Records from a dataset
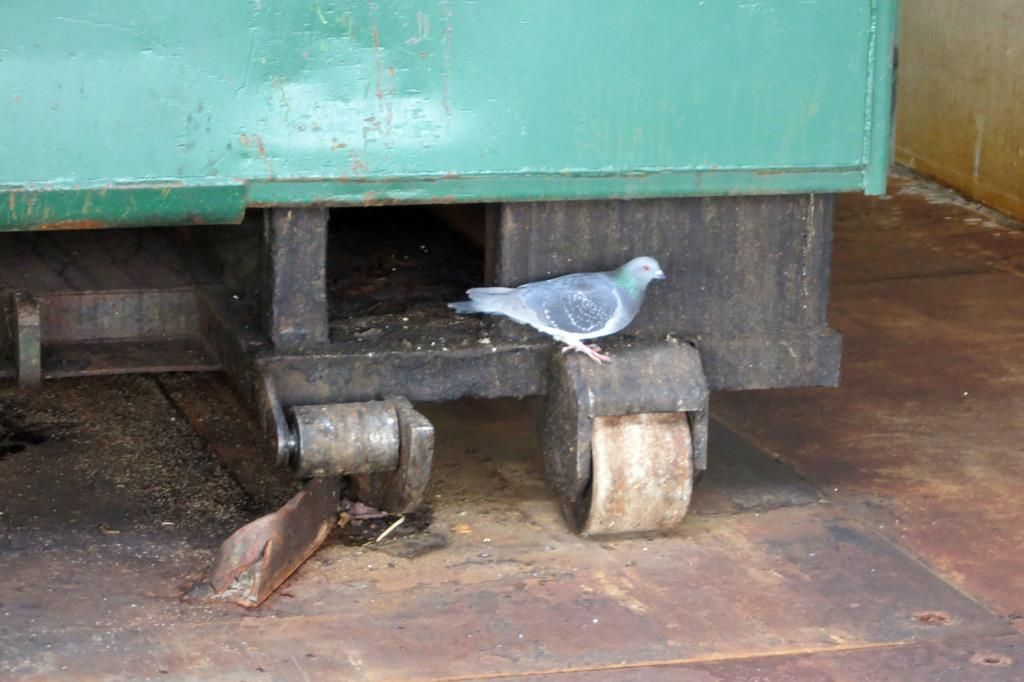What animal can be seen on a wheel in the image? There is a bird visible on a wheel in the image. What color is the fence at the top of the image? The fence at the top of the image is green. What structure is located on the right side of the image? There is a wall on the right side of the image. What type of copper material is used to make the bird's beak in the image? There is no mention of copper or any specific material for the bird's beak in the image. The bird's beak is not described in the provided facts. 
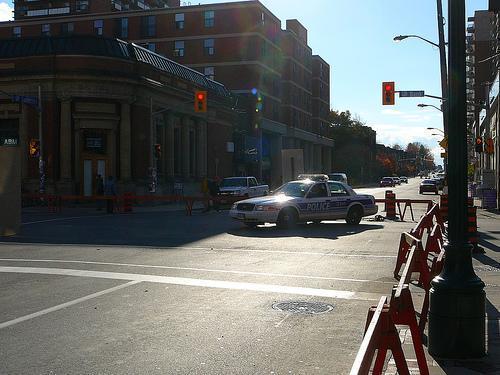How many police cars are there?
Give a very brief answer. 1. 
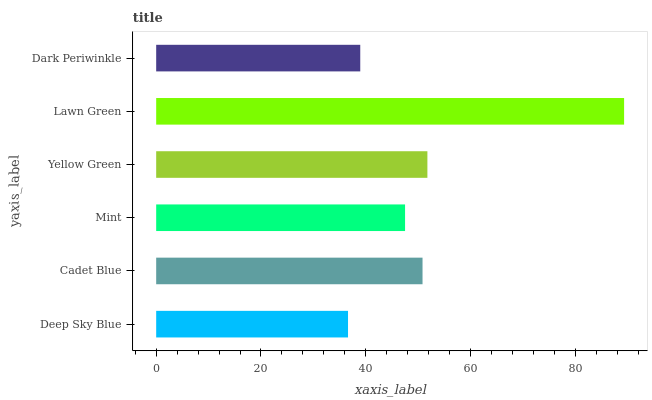Is Deep Sky Blue the minimum?
Answer yes or no. Yes. Is Lawn Green the maximum?
Answer yes or no. Yes. Is Cadet Blue the minimum?
Answer yes or no. No. Is Cadet Blue the maximum?
Answer yes or no. No. Is Cadet Blue greater than Deep Sky Blue?
Answer yes or no. Yes. Is Deep Sky Blue less than Cadet Blue?
Answer yes or no. Yes. Is Deep Sky Blue greater than Cadet Blue?
Answer yes or no. No. Is Cadet Blue less than Deep Sky Blue?
Answer yes or no. No. Is Cadet Blue the high median?
Answer yes or no. Yes. Is Mint the low median?
Answer yes or no. Yes. Is Yellow Green the high median?
Answer yes or no. No. Is Dark Periwinkle the low median?
Answer yes or no. No. 
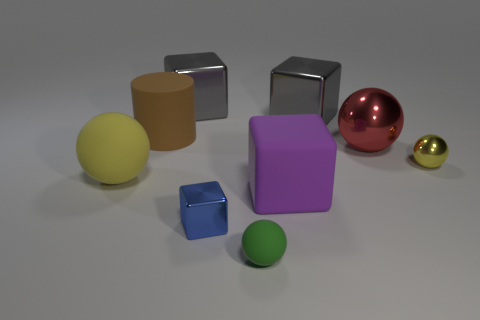Is the number of large brown matte cylinders that are right of the big brown rubber object the same as the number of gray objects that are left of the green sphere?
Your answer should be compact. No. Are there any tiny purple rubber things?
Your answer should be compact. No. The blue shiny thing that is the same shape as the big purple rubber object is what size?
Make the answer very short. Small. How big is the rubber thing behind the big yellow rubber object?
Ensure brevity in your answer.  Large. Are there more yellow spheres right of the large matte sphere than brown metallic blocks?
Give a very brief answer. Yes. What is the shape of the tiny matte object?
Ensure brevity in your answer.  Sphere. There is a small thing that is to the left of the green matte object; is its color the same as the ball that is in front of the blue cube?
Offer a very short reply. No. Is the big yellow matte object the same shape as the tiny matte object?
Provide a short and direct response. Yes. Are there any other things that are the same shape as the yellow shiny object?
Give a very brief answer. Yes. Does the yellow ball that is on the left side of the green ball have the same material as the big red sphere?
Offer a very short reply. No. 
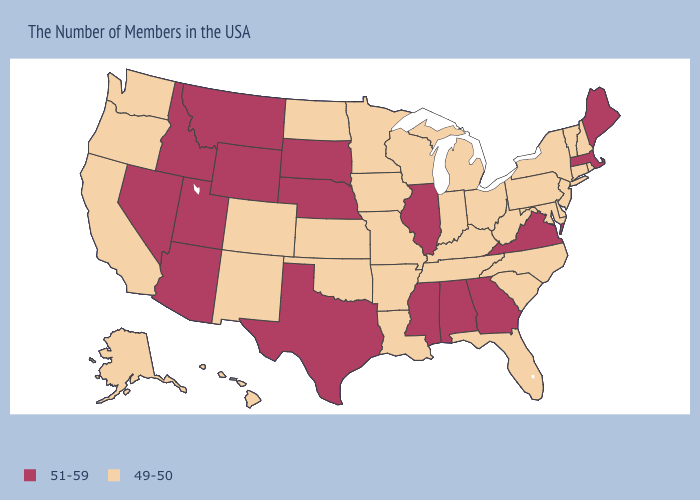Does Oklahoma have the same value as Mississippi?
Give a very brief answer. No. Name the states that have a value in the range 49-50?
Keep it brief. Rhode Island, New Hampshire, Vermont, Connecticut, New York, New Jersey, Delaware, Maryland, Pennsylvania, North Carolina, South Carolina, West Virginia, Ohio, Florida, Michigan, Kentucky, Indiana, Tennessee, Wisconsin, Louisiana, Missouri, Arkansas, Minnesota, Iowa, Kansas, Oklahoma, North Dakota, Colorado, New Mexico, California, Washington, Oregon, Alaska, Hawaii. Is the legend a continuous bar?
Quick response, please. No. Name the states that have a value in the range 49-50?
Concise answer only. Rhode Island, New Hampshire, Vermont, Connecticut, New York, New Jersey, Delaware, Maryland, Pennsylvania, North Carolina, South Carolina, West Virginia, Ohio, Florida, Michigan, Kentucky, Indiana, Tennessee, Wisconsin, Louisiana, Missouri, Arkansas, Minnesota, Iowa, Kansas, Oklahoma, North Dakota, Colorado, New Mexico, California, Washington, Oregon, Alaska, Hawaii. What is the value of Connecticut?
Answer briefly. 49-50. Does the first symbol in the legend represent the smallest category?
Give a very brief answer. No. Name the states that have a value in the range 51-59?
Answer briefly. Maine, Massachusetts, Virginia, Georgia, Alabama, Illinois, Mississippi, Nebraska, Texas, South Dakota, Wyoming, Utah, Montana, Arizona, Idaho, Nevada. Does Pennsylvania have the highest value in the USA?
Short answer required. No. Does Michigan have the lowest value in the MidWest?
Short answer required. Yes. What is the value of Maine?
Give a very brief answer. 51-59. Name the states that have a value in the range 51-59?
Quick response, please. Maine, Massachusetts, Virginia, Georgia, Alabama, Illinois, Mississippi, Nebraska, Texas, South Dakota, Wyoming, Utah, Montana, Arizona, Idaho, Nevada. What is the value of Georgia?
Quick response, please. 51-59. Does the first symbol in the legend represent the smallest category?
Be succinct. No. Which states have the lowest value in the West?
Be succinct. Colorado, New Mexico, California, Washington, Oregon, Alaska, Hawaii. 
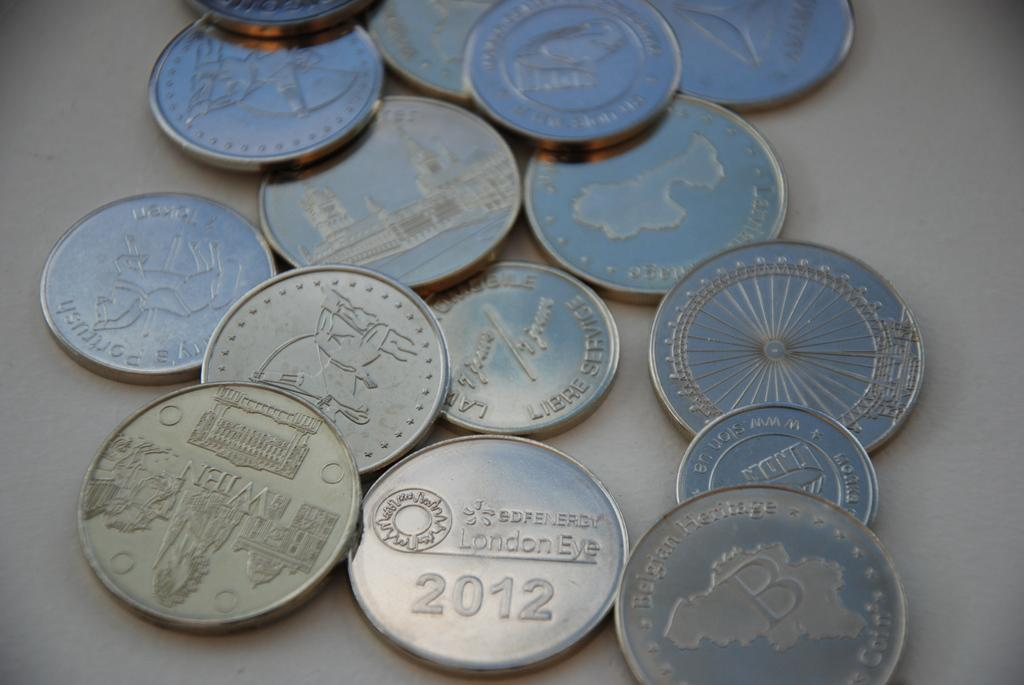<image>
Summarize the visual content of the image. A collection of silver coins and one is from 2012. 
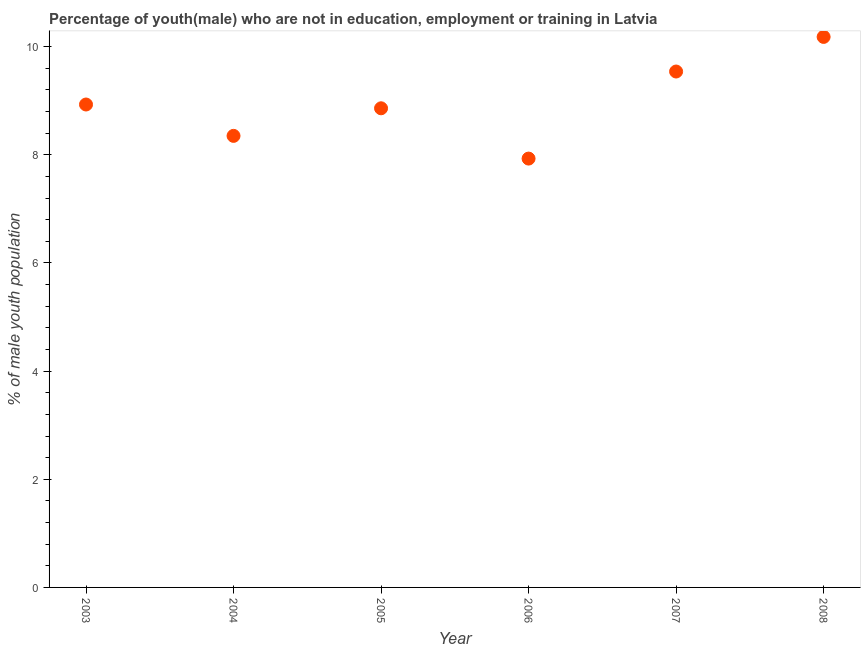What is the unemployed male youth population in 2007?
Offer a terse response. 9.54. Across all years, what is the maximum unemployed male youth population?
Ensure brevity in your answer.  10.18. Across all years, what is the minimum unemployed male youth population?
Provide a succinct answer. 7.93. What is the sum of the unemployed male youth population?
Ensure brevity in your answer.  53.79. What is the difference between the unemployed male youth population in 2006 and 2007?
Offer a terse response. -1.61. What is the average unemployed male youth population per year?
Give a very brief answer. 8.97. What is the median unemployed male youth population?
Make the answer very short. 8.89. What is the ratio of the unemployed male youth population in 2004 to that in 2008?
Your response must be concise. 0.82. Is the unemployed male youth population in 2006 less than that in 2008?
Offer a very short reply. Yes. What is the difference between the highest and the second highest unemployed male youth population?
Ensure brevity in your answer.  0.64. Is the sum of the unemployed male youth population in 2007 and 2008 greater than the maximum unemployed male youth population across all years?
Offer a terse response. Yes. What is the difference between the highest and the lowest unemployed male youth population?
Offer a very short reply. 2.25. Does the unemployed male youth population monotonically increase over the years?
Keep it short and to the point. No. How many dotlines are there?
Offer a terse response. 1. How many years are there in the graph?
Offer a very short reply. 6. What is the difference between two consecutive major ticks on the Y-axis?
Offer a very short reply. 2. Does the graph contain grids?
Ensure brevity in your answer.  No. What is the title of the graph?
Give a very brief answer. Percentage of youth(male) who are not in education, employment or training in Latvia. What is the label or title of the Y-axis?
Make the answer very short. % of male youth population. What is the % of male youth population in 2003?
Give a very brief answer. 8.93. What is the % of male youth population in 2004?
Make the answer very short. 8.35. What is the % of male youth population in 2005?
Offer a very short reply. 8.86. What is the % of male youth population in 2006?
Provide a succinct answer. 7.93. What is the % of male youth population in 2007?
Offer a terse response. 9.54. What is the % of male youth population in 2008?
Your answer should be very brief. 10.18. What is the difference between the % of male youth population in 2003 and 2004?
Offer a terse response. 0.58. What is the difference between the % of male youth population in 2003 and 2005?
Your answer should be very brief. 0.07. What is the difference between the % of male youth population in 2003 and 2006?
Your answer should be very brief. 1. What is the difference between the % of male youth population in 2003 and 2007?
Your answer should be compact. -0.61. What is the difference between the % of male youth population in 2003 and 2008?
Your response must be concise. -1.25. What is the difference between the % of male youth population in 2004 and 2005?
Offer a very short reply. -0.51. What is the difference between the % of male youth population in 2004 and 2006?
Your answer should be compact. 0.42. What is the difference between the % of male youth population in 2004 and 2007?
Ensure brevity in your answer.  -1.19. What is the difference between the % of male youth population in 2004 and 2008?
Give a very brief answer. -1.83. What is the difference between the % of male youth population in 2005 and 2007?
Offer a terse response. -0.68. What is the difference between the % of male youth population in 2005 and 2008?
Offer a very short reply. -1.32. What is the difference between the % of male youth population in 2006 and 2007?
Your response must be concise. -1.61. What is the difference between the % of male youth population in 2006 and 2008?
Your answer should be very brief. -2.25. What is the difference between the % of male youth population in 2007 and 2008?
Keep it short and to the point. -0.64. What is the ratio of the % of male youth population in 2003 to that in 2004?
Make the answer very short. 1.07. What is the ratio of the % of male youth population in 2003 to that in 2005?
Provide a succinct answer. 1.01. What is the ratio of the % of male youth population in 2003 to that in 2006?
Your answer should be very brief. 1.13. What is the ratio of the % of male youth population in 2003 to that in 2007?
Give a very brief answer. 0.94. What is the ratio of the % of male youth population in 2003 to that in 2008?
Ensure brevity in your answer.  0.88. What is the ratio of the % of male youth population in 2004 to that in 2005?
Give a very brief answer. 0.94. What is the ratio of the % of male youth population in 2004 to that in 2006?
Make the answer very short. 1.05. What is the ratio of the % of male youth population in 2004 to that in 2007?
Your response must be concise. 0.88. What is the ratio of the % of male youth population in 2004 to that in 2008?
Keep it short and to the point. 0.82. What is the ratio of the % of male youth population in 2005 to that in 2006?
Offer a terse response. 1.12. What is the ratio of the % of male youth population in 2005 to that in 2007?
Offer a terse response. 0.93. What is the ratio of the % of male youth population in 2005 to that in 2008?
Provide a succinct answer. 0.87. What is the ratio of the % of male youth population in 2006 to that in 2007?
Keep it short and to the point. 0.83. What is the ratio of the % of male youth population in 2006 to that in 2008?
Make the answer very short. 0.78. What is the ratio of the % of male youth population in 2007 to that in 2008?
Provide a succinct answer. 0.94. 
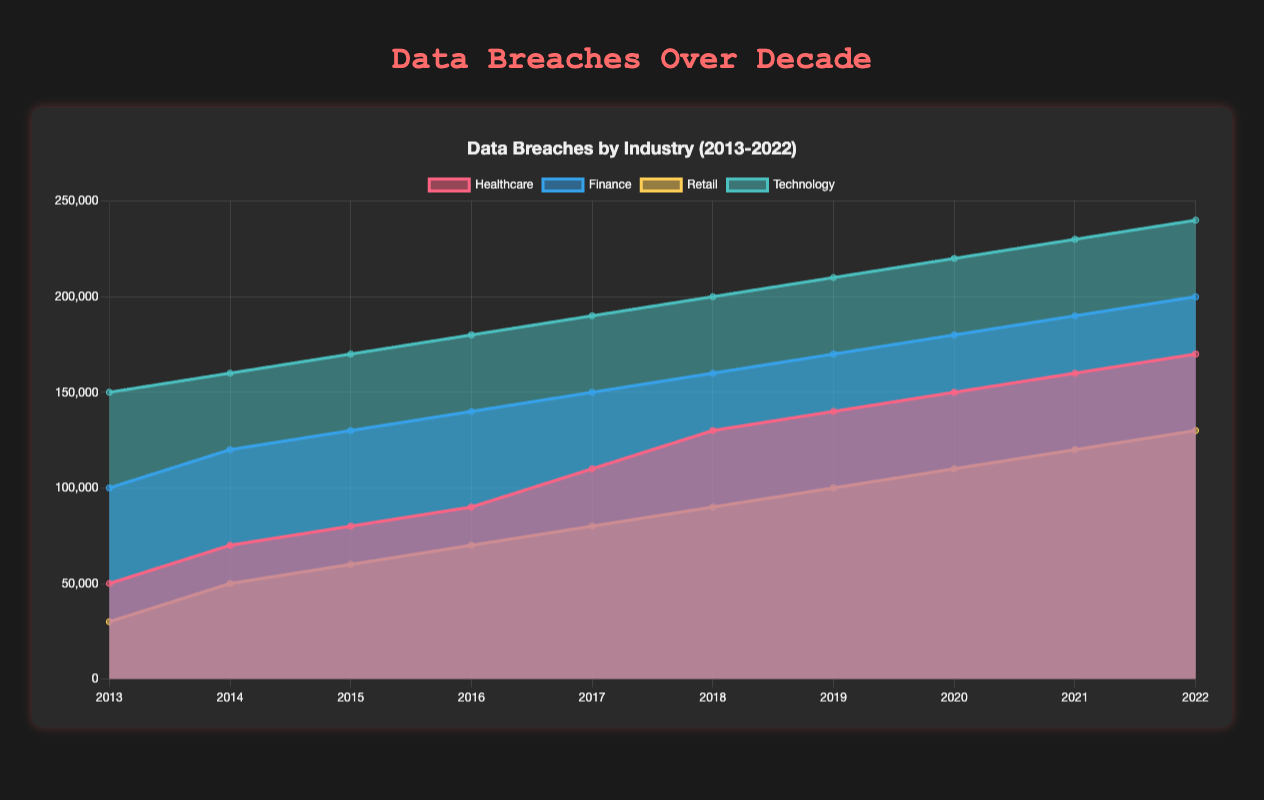what is the title of the figure? The title is typically placed at the top of the chart. In this case, it is "Data Breaches by Industry (2013-2022)" since that text is specified in the configuration.
Answer: Data Breaches by Industry (2013-2022) which industry had the highest data breaches in 2017? By looking at the data points in the 2017 section, Technology has the highest value of 190,000 compared to Healthcare, Finance, and Retail.
Answer: Technology how does the number of data breaches in 2013 for Healthcare compare to 2022? The Healthcare industry had 50,000 data breaches in 2013 and 170,000 in 2022, showing an increase of 120,000 over the decade.
Answer: Increased by 120,000 which industry shows the most consistent rise in data breaches from 2013 to 2022? From the figure, all industries show a consistent increase, but Technology shows a more steady and linear increase without any dips from 150,000 in 2013 to 240,000 in 2022.
Answer: Technology how many total data breaches were there in the Finance sector over the decade? Adding the breaches from each year: 100,000 (2013) + 120,000 (2014) + 130,000 (2015) + 140,000 (2016) + 150,000 (2017) + 160,000 (2018) + 170,000 (2019) + 180,000 (2020) + 190,000 (2021) + 200,000 (2022) equals 1,540,000 breaches.
Answer: 1,540,000 what is the trend for Retail data breaches from 2013 to 2022? The Retail sector shows a consistent upward trend from 30,000 breaches in 2013 to 130,000 breaches in 2022, indicating a continuous increase over the years.
Answer: Upward trend between 2016 and 2018, which industry had the smallest increase in data breaches? Calculating the differences: Healthcare (130,000 - 90,000 = 40,000), Finance (160,000 - 140,000 = 20,000), Retail (90,000 - 70,000 = 20,000), and Technology (200,000 - 180,000 = 20,000). Retail, Finance, and Technology all had a 20,000 increase, which is the smallest.
Answer: Retail, Finance, and Technology during which year did the Healthcare industry breach count exceed 150,000? Examining the values, the Healthcare sector first exceeds 150,000 breaches in the year 2020 reaching exactly 150,000.
Answer: 2020 how does the breach count in 2020 compare across all industries? In 2020, checking the data values, the breaches are: Healthcare (150,000), Finance (180,000), Retail (110,000), Technology (220,000). Technology had the highest and Retail had the lowest breaches.
Answer: Technology: highest, Retail: lowest

Problem to work on
Set the pictures aside and reproduce exactly the lines above, from the line holding "Be succinct. No." through the line holding "unemployed male youth population in 2006 and 2007?", both included, with nothing else.

Answer space
Be succinct. No. Which states have the lowest value in the West?
Be succinct. Colorado, New Mexico, California, Washington, Oregon, Alaska, Hawaii. 
<image>
Summarize the visual content of the image. A collection of silver coins and one is from 2012. 
What is the unemployed male youth population in 2007?
Offer a terse response. 9.54. Across all years, what is the maximum unemployed male youth population?
Ensure brevity in your answer.  10.18. Across all years, what is the minimum unemployed male youth population?
Provide a succinct answer. 7.93. What is the sum of the unemployed male youth population?
Ensure brevity in your answer.  53.79. What is the difference between the unemployed male youth population in 2006 and 2007?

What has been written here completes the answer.